As for coding style - PLEASE do comment on it! I'm pretty anal about formatting and standards, and wrote this tutorial over a few months so things might of broke down over time. I'll be posting the book's code on Github tonight and allow several users to modify some code as requested by users here and on Reddit.


Hello Andrew, I wanted to follow-up with a like to source code for any changes you want to introduce! I'm seriously very interested in changes you might introduce, so please do anything you would like with the source code here: https://github.com/nint22/3DTutorial :-)


>What’s notably interesting about this book is that it works through all programming lessons in HTML5 Javascript, using the new Canvas tag.

Definitely taking a look at this one. Thanks!

edit: if the creator is reading this, you have a stray "might of" part way through. It's "might have" - sometimes shortened to "might've" which sounds similar, hence the unfortunately-frequent mistake.


Unless you're talking about the strength of something - then, it's "might of". This would be most applicable in bad fantasy.


Hey, I'm Jeremy, the author.
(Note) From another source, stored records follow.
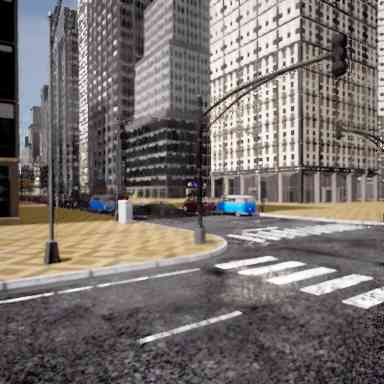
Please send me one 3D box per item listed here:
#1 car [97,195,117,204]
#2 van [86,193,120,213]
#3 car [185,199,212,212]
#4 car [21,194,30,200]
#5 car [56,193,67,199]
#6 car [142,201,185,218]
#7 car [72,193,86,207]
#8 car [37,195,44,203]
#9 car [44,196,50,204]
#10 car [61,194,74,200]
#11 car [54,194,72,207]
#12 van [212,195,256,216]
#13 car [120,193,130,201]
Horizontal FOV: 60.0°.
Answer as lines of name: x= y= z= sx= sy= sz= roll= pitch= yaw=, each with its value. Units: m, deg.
car: x=-14.750 y=1.260 z=57.684 sx=1.887 sy=1.381 sz=4.507 roll=0 pitch=0 yaw=-34
van: x=-9.273 y=1.224 z=34.636 sx=1.690 sy=1.788 sz=3.998 roll=0 pitch=0 yaw=-34
car: x=0.790 y=1.391 z=34.762 sx=1.887 sy=1.381 sz=4.507 roll=0 pitch=0 yaw=-34
car: x=-40.317 y=1.198 z=80.513 sx=1.802 sy=1.307 sz=4.206 roll=0 pitch=0 yaw=-34
car: x=-33.472 y=1.078 z=85.350 sx=1.752 sy=1.417 sz=4.829 roll=0 pitch=0 yaw=-34
car: x=-2.778 y=1.464 z=29.658 sx=1.994 sy=1.385 sz=4.181 roll=-1 pitch=1 yaw=-34
car: x=-15.599 y=1.269 z=48.693 sx=1.882 sy=1.535 sz=5.008 roll=-1 pitch=0 yaw=-34
car: x=-27.899 y=1.306 z=62.163 sx=1.802 sy=1.307 sz=4.206 roll=0 pitch=0 yaw=-34
car: x=-21.690 y=1.329 z=52.987 sx=2.008 sy=1.369 sz=4.403 roll=0 pitch=0 yaw=-34
car: x=-30.272 y=1.131 z=80.622 sx=2.008 sy=1.369 sz=4.403 roll=0 pitch=0 yaw=-34
car: x=-18.586 y=1.370 z=48.400 sx=1.947 sy=1.339 sz=4.313 roll=0 pitch=0 yaw=-34
van: x=3.968 y=1.213 z=30.225 sx=1.690 sy=1.788 sz=3.998 roll=0 pitch=0 yaw=-34
car: x=-11.646 y=1.057 z=53.095 sx=2.192 sy=1.841 sz=5.009 roll=0 pitch=0 yaw=-34
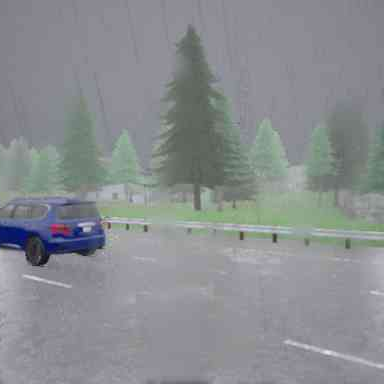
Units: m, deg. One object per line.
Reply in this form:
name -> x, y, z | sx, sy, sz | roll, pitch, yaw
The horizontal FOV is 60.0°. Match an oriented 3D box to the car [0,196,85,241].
car -> -8.486, 1.288, 17.726 | 5.566, 2.045, 2.150 | -1, -1, 32

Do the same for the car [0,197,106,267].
car -> -5.526, 1.269, 11.810 | 5.566, 2.045, 2.150 | 0, 0, 32

Yep, no excuse, my writing skills are far from great. Re-reading my text over and over again to catch mistakes is clearly still not effective enough - which is why I love reading people's feedback, so thanks! :-)


Wish this had existed a few months earlier. I taught a 3d game engines class this year, for which I wrote up a concise tutorial of how to write a wireframe renderer from scratch [1], plus some additional conjured-up lecture material, but I might've used this textbook instead if it had existed at the time.